• [Data extracts]:
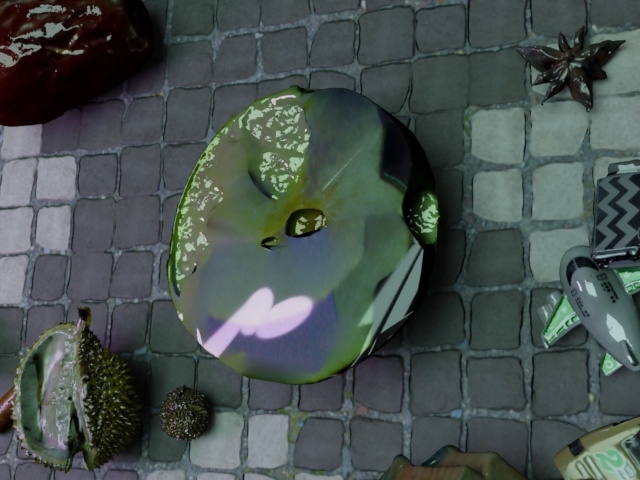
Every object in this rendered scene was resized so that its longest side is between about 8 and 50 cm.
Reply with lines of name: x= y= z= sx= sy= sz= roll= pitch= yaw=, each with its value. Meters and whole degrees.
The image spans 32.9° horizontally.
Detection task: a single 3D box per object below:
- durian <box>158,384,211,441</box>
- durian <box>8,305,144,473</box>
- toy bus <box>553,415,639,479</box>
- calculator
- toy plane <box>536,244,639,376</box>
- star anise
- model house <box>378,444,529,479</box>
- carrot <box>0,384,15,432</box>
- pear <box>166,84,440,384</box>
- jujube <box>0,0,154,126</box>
durian: x=-0.198 y=0.253 z=1.562 sx=0.091 sy=0.080 sz=0.080 roll=-42 pitch=64 yaw=31
durian: x=-0.345 y=0.219 z=1.601 sx=0.193 sy=0.138 sz=0.237 roll=11 pitch=88 yaw=31
toy bus: x=0.422 y=0.350 z=1.178 sx=0.202 sy=0.177 sz=0.365 roll=-38 pitch=69 yaw=12
calculator: x=0.461 y=-0.044 z=1.287 sx=0.274 sy=0.028 sz=0.165 roll=-6 pitch=46 yaw=26
toy plane: x=0.347 y=0.082 z=1.321 sx=0.174 sy=0.080 sz=0.174 roll=-7 pitch=76 yaw=27
star anise: x=0.314 y=-0.231 z=1.413 sx=0.129 sy=0.056 sz=0.124 roll=24 pitch=79 yaw=25
model house: x=0.121 y=0.420 z=1.293 sx=0.280 sy=0.245 sz=0.312 roll=-19 pitch=39 yaw=54
carrot: x=-0.486 y=0.259 z=1.714 sx=0.139 sy=0.048 sz=0.048 roll=-45 pitch=64 yaw=12
pear: x=-0.002 y=0.000 z=1.461 sx=0.399 sy=0.165 sz=0.398 roll=-6 pitch=77 yaw=25
jujube: x=-0.423 y=-0.298 z=1.701 sx=0.318 sy=0.223 sz=0.223 roll=-18 pitch=72 yaw=14

• [What you will do]:
If a line in the entries above includes "object", count it; report the total alone.

• [Solution for this problem]:
2